さぁ、お連れ様にお披露目いたしましょう。」
営業スマイルが、そう宣言した時だった。今度は、店員と言い争うリビエラの声がした。
「確認しなくてもいいです。
長い髪は好きじゃないので。」
声色からして、急上昇していくリビエラの不機嫌指数。
「はぁっ?だから、似合ってなくていいんだよ、僕は見たくないから。
…別に、恥ずかしがってるわけでは。
よせっ…僕に鏡を見せるな!」
「きゃっ。」
バンッ!ガシャン!
(?!)
小さな悲鳴の後、明らかに、何かが割れる音がした。
「リビエラっ?!」
私が駆け付けると、顔面蒼白で突っ立つ店員の足元に、散らばる鏡の破片があった。
同じく破裂音を聞きつけたハルが、隣の部屋から入ってくる。
「何が起きたんだ?」
顔をそむけたリビエラの表情は見えないけれど、いつもと様子が違うことは明白だった。
鏡を割ったのは、拳に赤い血をにじませたリビエラ。
「手に血が付いてる、怪我をしたんじゃないのか。」
「大したことないよ、僕が悪い。
鏡が…苦手なんだ。」
少し落ち着きを取り戻したリビエラは、目の前の女性に謝罪すると、頭を振って整えられていた髪を崩した。

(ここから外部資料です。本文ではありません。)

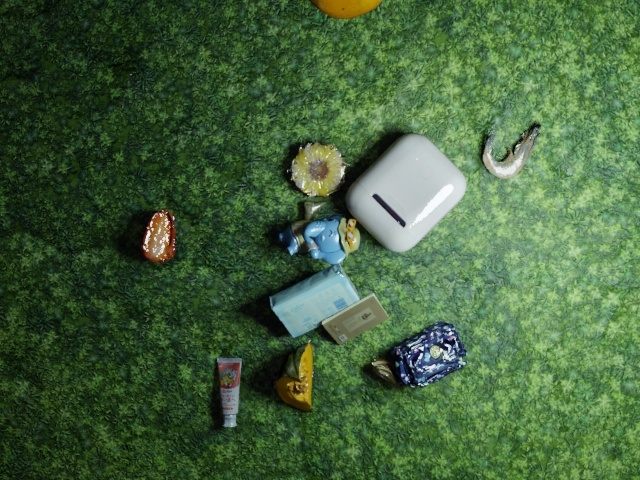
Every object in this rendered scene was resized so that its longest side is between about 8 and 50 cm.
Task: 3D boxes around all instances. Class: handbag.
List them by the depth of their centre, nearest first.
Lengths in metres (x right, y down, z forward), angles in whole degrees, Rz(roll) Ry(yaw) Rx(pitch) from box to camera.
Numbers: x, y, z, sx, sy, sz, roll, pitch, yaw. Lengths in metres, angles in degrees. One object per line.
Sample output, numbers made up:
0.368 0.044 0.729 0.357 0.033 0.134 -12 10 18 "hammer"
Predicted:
0.361 0.379 1.802 0.261 0.113 0.161 -20 93 -20 "handbag"

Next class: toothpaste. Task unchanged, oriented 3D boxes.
-0.318 0.528 1.918 0.090 0.057 0.233 -1 85 8 "toothpaste"

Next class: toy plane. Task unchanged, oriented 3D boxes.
-0.141 0.475 1.908 0.049 0.031 0.120 19 97 -2 "toy plane"

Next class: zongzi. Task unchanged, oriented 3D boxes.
-0.018 -0.095 1.870 0.084 0.040 0.076 0 100 -13 "zongzi"

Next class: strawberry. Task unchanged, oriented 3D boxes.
-0.553 -0.012 1.899 0.121 0.082 0.188 16 85 -16 "strawberry"

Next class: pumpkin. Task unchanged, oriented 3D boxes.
-0.080 0.447 1.867 0.112 0.163 0.278 5 138 16 "pumpkin"

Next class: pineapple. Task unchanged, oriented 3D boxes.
-0.002 -0.241 1.855 0.222 0.047 0.221 0 96 3 "pineapple"

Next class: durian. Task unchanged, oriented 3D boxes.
0.237 0.438 1.846 0.140 0.110 0.071 43 71 0 "durian"

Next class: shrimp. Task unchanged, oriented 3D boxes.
0.622 -0.312 1.798 0.152 0.046 0.219 36 96 -1 "shrimp"

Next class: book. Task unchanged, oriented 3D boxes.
0.119 0.267 1.844 0.199 0.016 0.138 -30 129 5 "book"

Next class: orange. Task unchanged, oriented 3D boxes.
0.076 -0.846 1.688 0.313 0.312 0.311 0 93 5 "orange"

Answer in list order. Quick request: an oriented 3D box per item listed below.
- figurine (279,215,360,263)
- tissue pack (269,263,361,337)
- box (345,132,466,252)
0.000 0.002 1.806 0.262 0.180 0.153 -11 112 -3 "figurine"
-0.014 0.198 1.823 0.264 0.089 0.177 -27 126 8 "tissue pack"
0.276 -0.155 1.785 0.288 0.141 0.349 45 95 0 "box"
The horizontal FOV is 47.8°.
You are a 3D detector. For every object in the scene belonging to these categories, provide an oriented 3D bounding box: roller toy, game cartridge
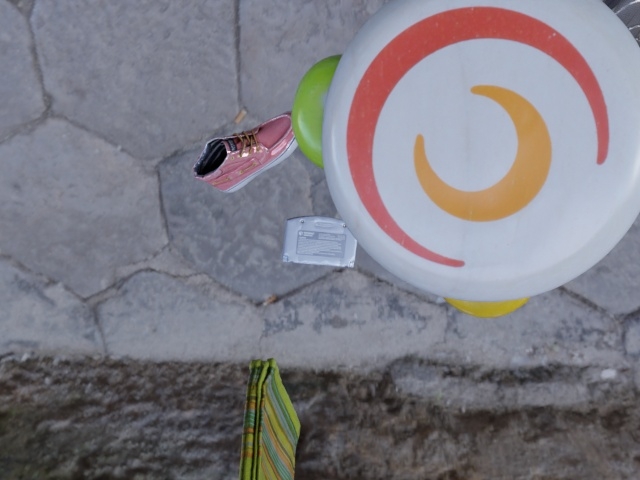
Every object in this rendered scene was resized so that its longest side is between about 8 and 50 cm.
[{"bbox_3d":[0.109,-0.066,0.462,0.191,0.146,0.209,-38,89,22],"label":"roller toy"},{"bbox_3d":[0.000,0.000,0.808,0.083,0.017,0.056,6,98,-15],"label":"game cartridge"}]

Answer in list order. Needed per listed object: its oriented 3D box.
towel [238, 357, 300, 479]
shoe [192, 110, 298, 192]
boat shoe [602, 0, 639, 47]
[{"bbox_3d":[-0.032,0.202,0.496,0.021,0.237,0.102,-12,131,10],"label":"towel"},{"bbox_3d":[-0.108,-0.139,1.085,0.178,0.063,0.081,-36,157,18],"label":"shoe"},{"bbox_3d":[0.453,-0.338,1.293,0.132,0.130,0.355,-1,155,-19],"label":"boat shoe"}]
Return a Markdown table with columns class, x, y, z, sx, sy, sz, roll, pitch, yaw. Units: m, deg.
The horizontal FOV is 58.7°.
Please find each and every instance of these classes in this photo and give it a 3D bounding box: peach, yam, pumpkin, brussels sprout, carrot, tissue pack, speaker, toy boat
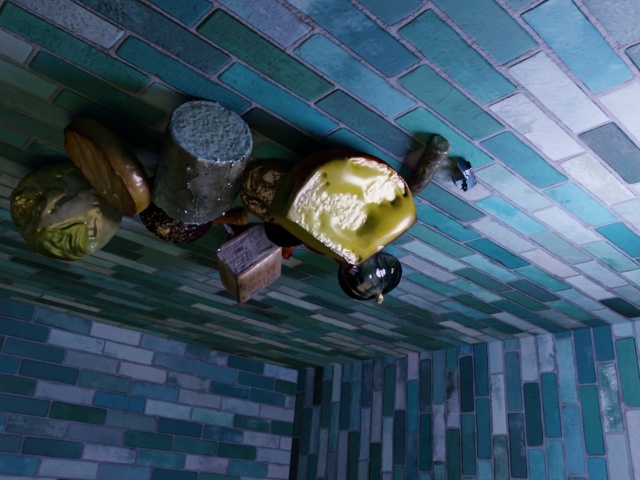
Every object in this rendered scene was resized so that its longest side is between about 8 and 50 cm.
| class | x | y | z | sx | sy | sz | roll | pitch | yaw |
| --- | --- | --- | --- | --- | --- | --- | --- | --- | --- |
| peach | 0.069 | -0.100 | 1.582 | 0.381 | 0.306 | 0.242 | 29 | -178 | -24 |
| yam | 0.292 | -0.196 | 1.574 | 0.061 | 0.061 | 0.274 | 7 | 157 | -5 |
| pumpkin | 0.192 | 0.139 | 2.171 | 0.250 | 0.216 | 0.250 | -21 | 164 | -6 |
| brussels sprout | -0.786 | -0.080 | 1.777 | 0.345 | 0.268 | 0.344 | 1 | 149 | 1 |
| carrot | -0.359 | -0.077 | 1.978 | 0.225 | 0.057 | 0.057 | -2 | 156 | 21 |
| tissue pack | -0.285 | 0.062 | 2.130 | 0.239 | 0.238 | 0.305 | 6 | 156 | -3 |
| speaker | 0.003 | -0.023 | 1.870 | 0.259 | 0.198 | 0.329 | 12 | 170 | 30 |
| toy boat | 0.400 | -0.175 | 1.597 | 0.061 | 0.060 | 0.137 | -23 | 156 | 12 |
| yam | -0.316 | -0.200 | 1.498 | 0.241 | 0.240 | 0.348 | 12 | 153 | -16 |

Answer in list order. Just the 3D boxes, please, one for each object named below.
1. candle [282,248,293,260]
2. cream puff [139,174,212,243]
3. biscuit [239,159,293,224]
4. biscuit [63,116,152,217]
| class | x | y | z | sx | sy | sz | roll | pitch | yaw |
| --- | --- | --- | --- | --- | --- | --- | --- | --- | --- |
| candle | -0.125 | -0.005 | 2.092 | 0.051 | 0.048 | 0.329 | 12 | 156 | 4 |
| cream puff | -0.442 | -0.090 | 1.723 | 0.165 | 0.239 | 0.239 | -38 | 138 | 20 |
| biscuit | -0.137 | -0.137 | 1.688 | 0.226 | 0.042 | 0.225 | 4 | 126 | 5 |
| biscuit | -0.568 | -0.202 | 1.540 | 0.296 | 0.102 | 0.296 | 34 | 149 | 24 |
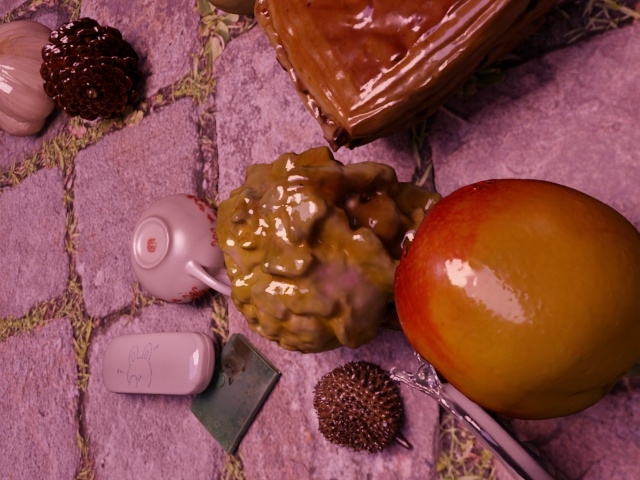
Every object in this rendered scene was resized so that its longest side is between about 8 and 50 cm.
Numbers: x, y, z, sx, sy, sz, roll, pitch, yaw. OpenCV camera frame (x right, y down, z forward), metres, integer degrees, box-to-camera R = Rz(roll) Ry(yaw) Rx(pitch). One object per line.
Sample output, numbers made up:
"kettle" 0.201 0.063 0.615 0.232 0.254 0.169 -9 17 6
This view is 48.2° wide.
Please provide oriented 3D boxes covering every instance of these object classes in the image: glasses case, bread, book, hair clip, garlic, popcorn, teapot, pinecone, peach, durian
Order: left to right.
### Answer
"garlic" -0.581 -0.310 1.342 0.228 0.152 0.227 -5 80 30
"pinecone" -0.388 -0.298 1.204 0.163 0.163 0.165 -43 45 21
"glasses case" -0.240 0.180 1.040 0.234 0.059 0.092 -7 71 39
"teapot" -0.200 0.017 1.033 0.245 0.116 0.159 40 93 29
"book" -0.121 0.205 0.979 0.103 0.017 0.135 38 103 35
"popcorn" 0.000 0.000 0.806 0.259 0.212 0.259 -33 38 31
"durian" 0.041 0.201 0.831 0.140 0.071 0.110 31 99 31
"bread" 0.106 -0.267 0.820 0.325 0.167 0.277 -40 59 23
"hair clip" 0.160 0.186 0.703 0.054 0.140 0.220 -48 55 0
"peach" 0.186 0.050 0.656 0.231 0.231 0.230 -8 75 35

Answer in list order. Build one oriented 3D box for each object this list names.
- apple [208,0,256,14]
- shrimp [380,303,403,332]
"apple" -0.118 -0.464 0.994 0.279 0.279 0.278 -8 75 35
"shrimp" 0.118 0.062 0.818 0.163 0.045 0.095 1 80 38

古い時代の貴婦人の衣装にラフなヘアスタイルでも、十分に絵になるリビエラ。つけ毛をしてきれいに結った髪型のままだったら、ため息が出るほどの美女だったと思う。
「外の空気を吸ってくる。
先に出るよ。」
リビエラは低い声でそう言うと、静かに部屋を出た。